우선 별달리 정의한 예외 클래스 없이 ValueError 예외를 발생시켜 보자.

def validate(name):
    if len(name) < 10:
        raise ValueError

validate('joe')    # ValueError

이 경우 (1) 무엇이 잘못되어 발생한 에러인지 고민하고 (2) validate() 코드를 자세하게 분석하고 나서야 ValueError 원인을 알 수 있을 것이다.

이번에는 사용자 정의 예외 클래스를 만들어 보자.

class NameTooShortError(ValueError):
    pass

def validate(name):
    if len(name) < 10:
        raise NameTooShortError

validate('joe')    # NameTooShortError

이처럼 기본 에러 클래스에서 파생시켜서 에러 클래스의 종류를 늘리면 된다.

4.4 copy.deepcopy

생략

4.5 abstract base class

Abastact Base Class(ABC, 추상 클래스)는 상속 클래스가 특정 method를 반드시 구현하도록 강제한다.

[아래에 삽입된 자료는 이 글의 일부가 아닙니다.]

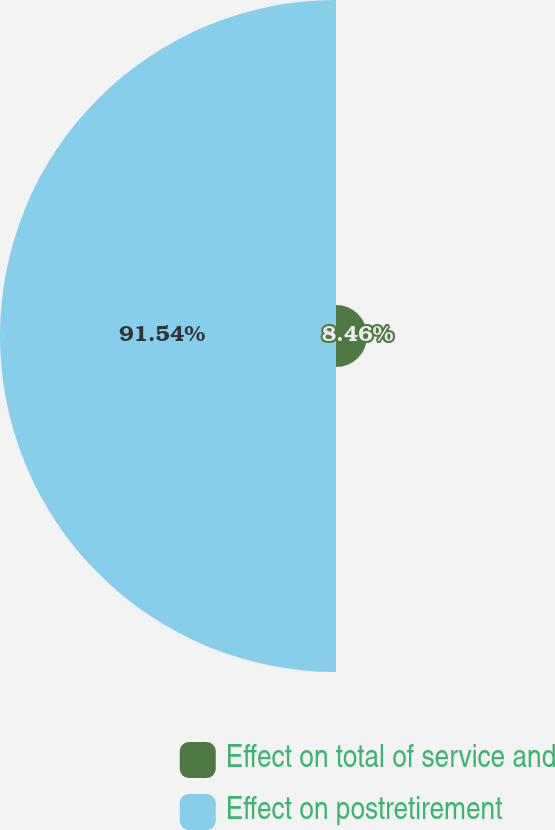Convert chart. <chart><loc_0><loc_0><loc_500><loc_500><pie_chart><fcel>Effect on total of service and<fcel>Effect on postretirement<nl><fcel>8.46%<fcel>91.54%<nl></chart> 
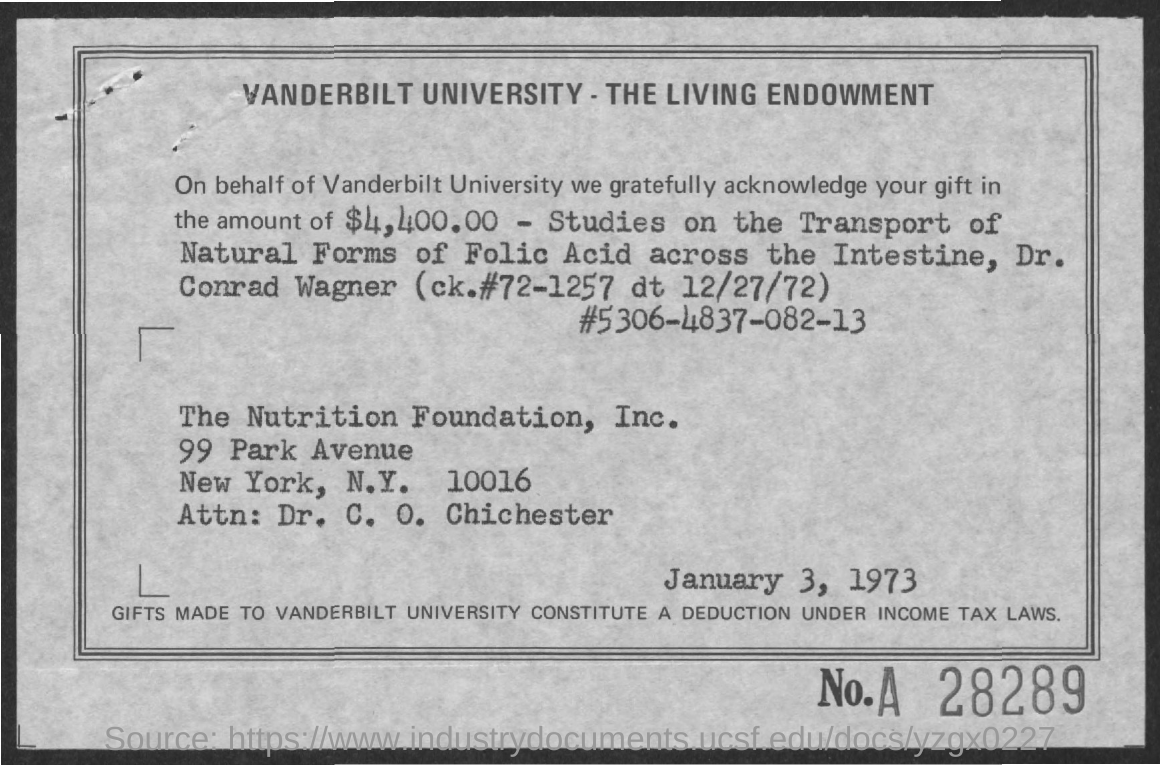Mention a couple of crucial points in this snapshot. I gifted the amount with the purpose of studying the transport of natural forms of folic acid across the intestine for the purpose of scientific research. The value of the gifted amount mentioned on the given page is $4,400.00. 
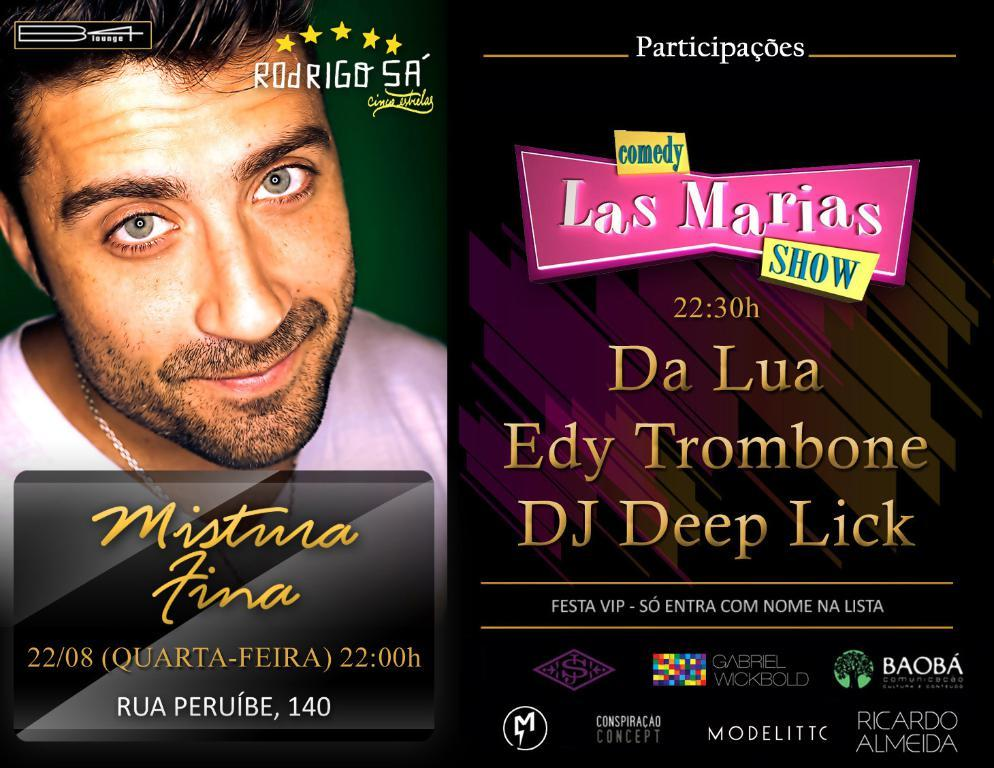What is present in the image that contains visual and written information? There is a poster in the image that contains images and text. Can you describe the images on the poster? The provided facts do not specify the images on the poster, so we cannot describe them. What type of information is conveyed through the text on the poster? The provided facts do not specify the content of the text on the poster, so we cannot describe the information conveyed. What color is the twig that is hanging from the underwear in the image? There is no underwear or twig present in the image; it only contains a poster with images and text.

우선 ABC 없이 서브 클래스가 기본 클래스의 인터페이스 메서드를 구현하도록 강제해 보자.

class Base:
    def foo(self):
        raise NotImplementedError()

    def bar(self):
        raise NotImplementedError()

class Concrete(Base):
    def foo(self):
        return 'foo() called'

    # def bar가 있어야 한다.

c = Concrete()
c.foo    # 'foo() called'
c.bar    # NotImplementedError

이러한 구현의 문제는, 인터페이스 메서드를 까먹고 구현하지 않아도 bar() 메서드 호출 전까지는 에러가 발생하지 않는다는 점이다.

게다가 Base()를 인스턴스화할 수도 있다.

b = Base()
b.foo    # NotImplementedError

abc 모듈을 이용하면 더 잘 해결할 수 있다.

from abc import ABCmeta, abstractmethod

class Base(metaclass=ABCMeta):
    @abstractmethod
    def foo(self):
        pass

    @abstractmethod
    def bar(self):
        pass

class Concrete(Base):
    def foo(self):
        pass

    # def bar가 있어야 한다.

c = Concrete()                  # TypeError: "Can't instantiate abstract class Concrete with abstract methods bar"

4.6 namedtuple

tuple은 불변이므로 생성하면 수정할 수 없다.

tup = ('hello', object(), 42)
tup             # ('hello', <object object at 0x105e76b70>, 42)
tup[2] = 23     # "'tuple' object does not support item assignment"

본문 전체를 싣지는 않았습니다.